7.5% of the American population is battling long-term COVID | news

David Putrino, director of rehabilitation innovations for the Mount Sinai Health System in New York City, was about to present on the Aspen Ideas: Health show Thursday morning when the news broke: About 7.5% of the American population have long to fight COVID or ongoing COVID-19.

“That was actually during my lecture — that data was released,” Putrino said in an interview Thursday afternoon.

Putrino’s work has made him an expert on the disease caused by the novel coronavirus that shook the world in March 2020. He is a physiotherapist by profession with a PhD in neuroscience. His research is focused on identifying solutions that, from a technological point of view, allow better access to healthcare. So when the pandemic struck, Putrino was in a unique position to align his work with COVID.

“I’m always doing pragmatic clinical trials on new technologies and trying to bring those technologies into practice – not just ‘We did a clinical trial and we published it and it was great’, but actually working with inventors of the technology and are working with the hospital system to find ways to ensure patients have access to the technology,” he said. “Which I think is a step that’s often overlooked in many conventional research experiences.”

With this emphasis on user nurturing — and thus interacting with actual patients — Putrino and his colleagues found they had already built an infrastructure that could be well suited for investigating COVID-19 in real time.

“We basically sat in New York and watched it all unfold, and my team ran a large number of remote patient monitoring programs,” Putrino recalls. “So we quickly took one of the apps we actually developed ourselves to monitor a condition and made it more relevant for monitoring COVID. And we just did a blast on social media and said it all listen if you have COVID symptoms and you are in New York text this number. We’ll show you how to download the app and track you every day so a doctor is watching you.”

Putrino’s first patient came on board on March 15, and he and his team were soon monitoring thousands of patients. By April, however, they noticed a growing trend: Some people weren’t leaving the app — they continued to experience symptoms far beyond what the researchers expected.

“There was one group that didn’t recover,” Putrino said. “They reported new symptoms. They said, ‘Look, I have palpitations and fatigue and cognitive impairment… all these different things.'”

At that point, about 15% of patients using the Putrino app suffered from what has since been known as Long COVID. The US Centers for Disease Control and Prevention reports that about 20% of Americans who tested positive for COVID-19 became “long-distance drivers.”

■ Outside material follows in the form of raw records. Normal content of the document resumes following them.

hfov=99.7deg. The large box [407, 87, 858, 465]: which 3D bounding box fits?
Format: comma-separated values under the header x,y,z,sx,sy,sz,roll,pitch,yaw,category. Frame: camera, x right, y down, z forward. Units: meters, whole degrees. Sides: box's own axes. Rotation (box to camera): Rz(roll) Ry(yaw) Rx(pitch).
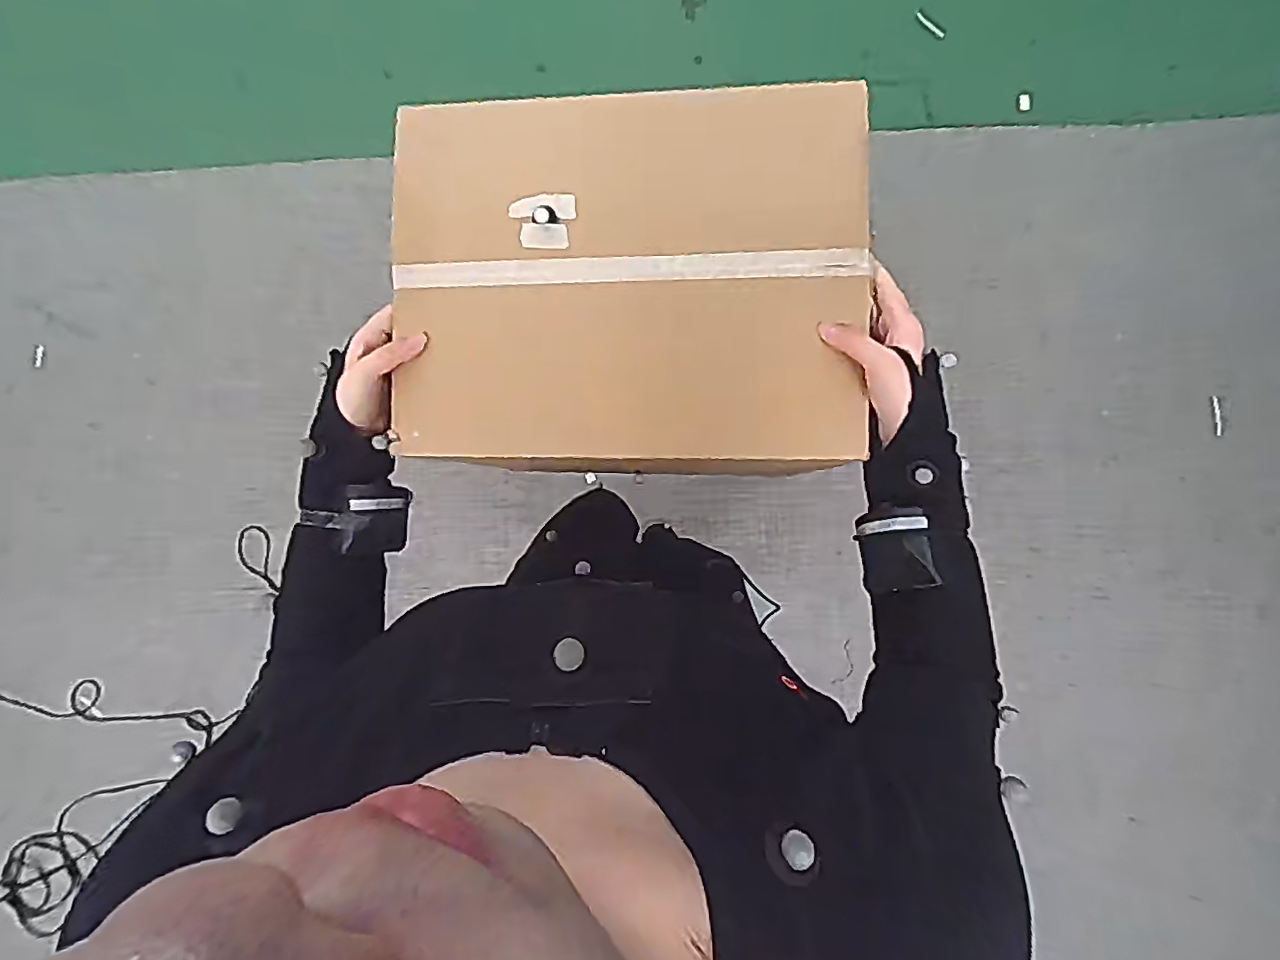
x,y,z,sx,sy,sz,roll,pitch,yaw,category
0.004,-0.174,0.622,0.408,0.320,0.320,0,89,7,large box
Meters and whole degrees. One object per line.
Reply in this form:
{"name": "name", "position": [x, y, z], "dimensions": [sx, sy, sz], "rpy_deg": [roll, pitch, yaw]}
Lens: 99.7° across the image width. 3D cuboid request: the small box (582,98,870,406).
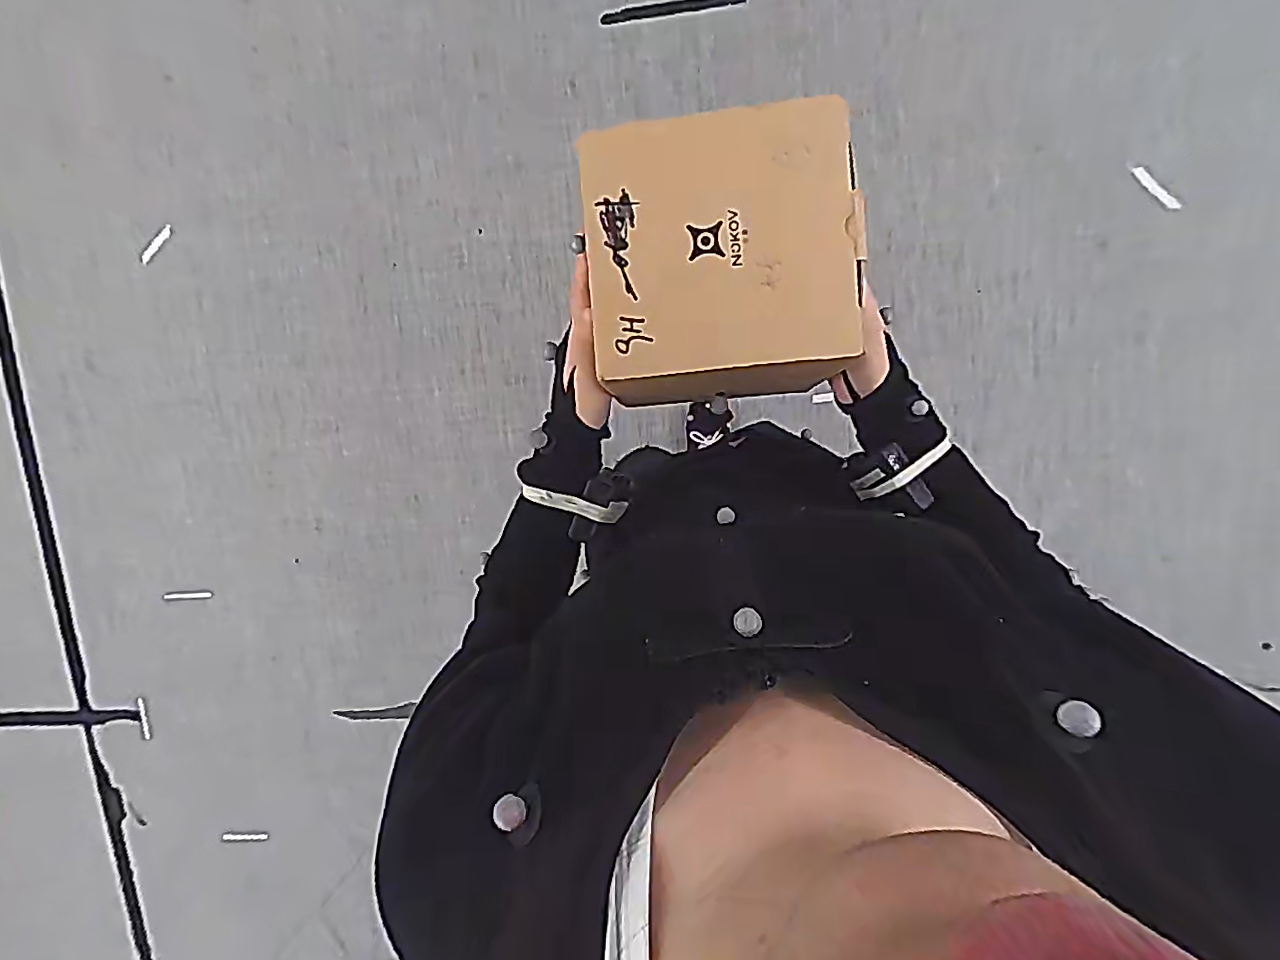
{"name": "small box", "position": [0.059, -0.155, 0.428], "dimensions": [0.179, 0.176, 0.168], "rpy_deg": [-5, 90, 4]}

“That’s an amazing number,” Putrino said.

In Pitkin County, the number of COVID-19 patients struggling with long-term symptoms was even higher — public health officials estimated that about half of the patients who tested positive between March and August 2020, based on survey results were reported at least one symptom that lasted six months.

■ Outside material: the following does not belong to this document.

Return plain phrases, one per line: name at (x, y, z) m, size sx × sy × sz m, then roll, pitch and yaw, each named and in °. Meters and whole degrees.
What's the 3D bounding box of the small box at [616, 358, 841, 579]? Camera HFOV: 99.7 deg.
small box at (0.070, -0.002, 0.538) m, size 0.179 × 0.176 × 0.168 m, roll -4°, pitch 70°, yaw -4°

Putrino said there had been no official research into a link between long COVID and higher altitude, although he said the effects of altitude on body systems are well known and that otherwise unnoticed or mild long COVID symptoms could be agitated by higher elevation.

Putrino’s research has shown that there are a significant number of people still struggling with long-term COVID who may not even be consciously aware.

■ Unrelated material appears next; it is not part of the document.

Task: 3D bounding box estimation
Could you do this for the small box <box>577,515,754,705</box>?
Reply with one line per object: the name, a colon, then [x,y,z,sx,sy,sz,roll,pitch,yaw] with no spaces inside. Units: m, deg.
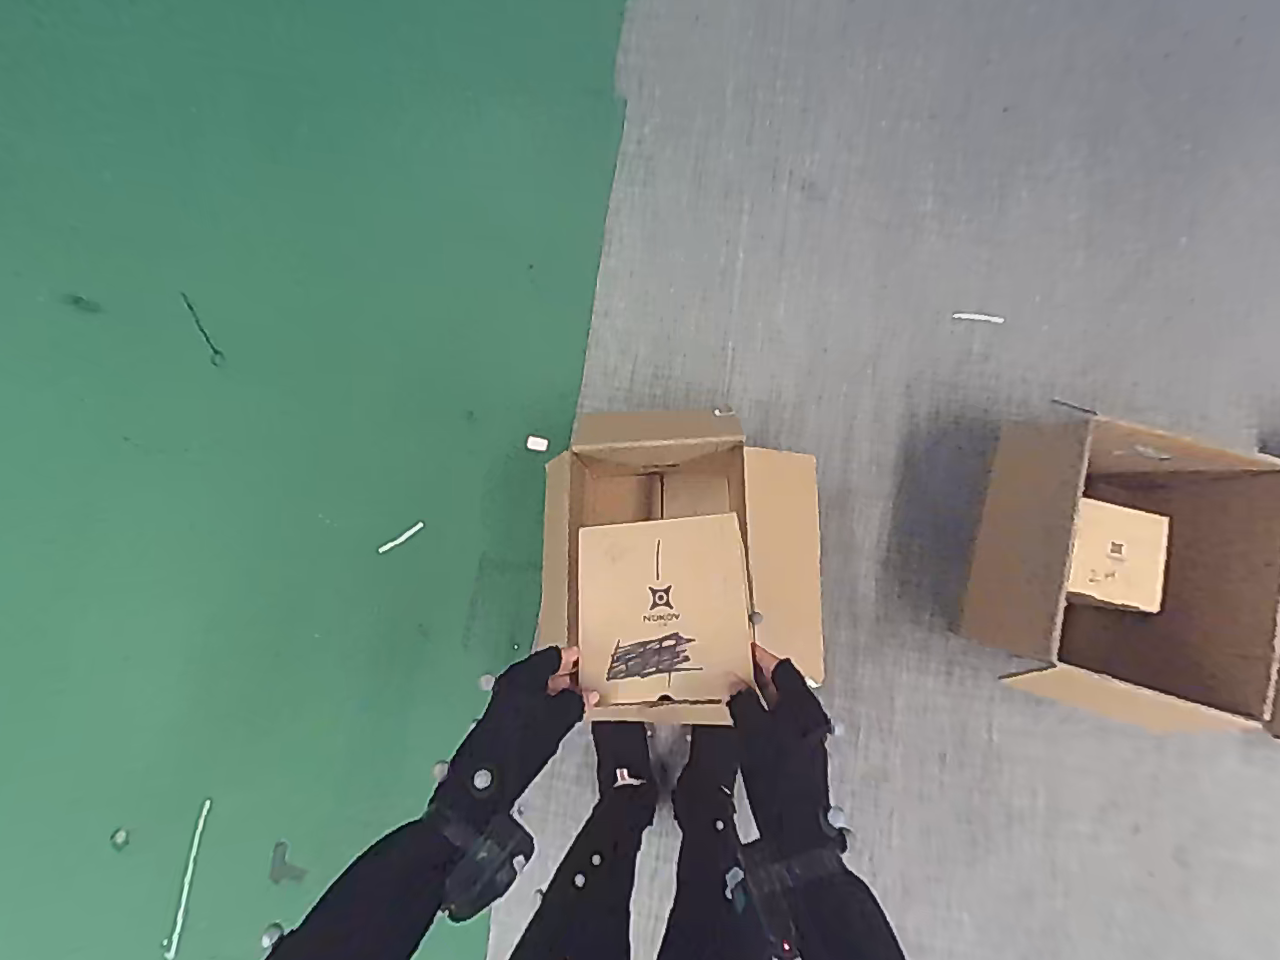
small box: [0.035,0.151,0.602,0.168,0.176,0.179,-6,68,11]

“What struck us is that when we screened these patients, we lost about half of our patients who self-identified … and said, ‘I had COVID; I’ve made a full recovery,'” Putrino said.

For those patients who had self-determined that they had overcome COVID-19, his team asked that they undergo screening for research purposes.

“And they would fail the screen,” Putrino continued. “They would not pass the screen, unlike our other control group, who were people who had never had COVID. We would give them the screening test and they would pass it with flying colors.”

Putrino’s conclusion?

“I think we may have more people with long COVID symptoms than we think,” he said.

And there is still work to be done, not only in properly identifying and diagnosing patients still suffering from COVID, but also in treating them. The latter is still a long way off, said Putrino. Looking at it through a data-driven lens, and familiar with the processes and the National Institutes of Health’s propensity for incremental research, he estimates that medical treatment for long COVID could take 17 years or more.

“That’s the current bench-to-bedside research,” he said of the time frame.

Nevertheless, he remains optimistic. The pandemic has created a global sense of urgency and a willingness by companies to share research and resources in the name of expediency.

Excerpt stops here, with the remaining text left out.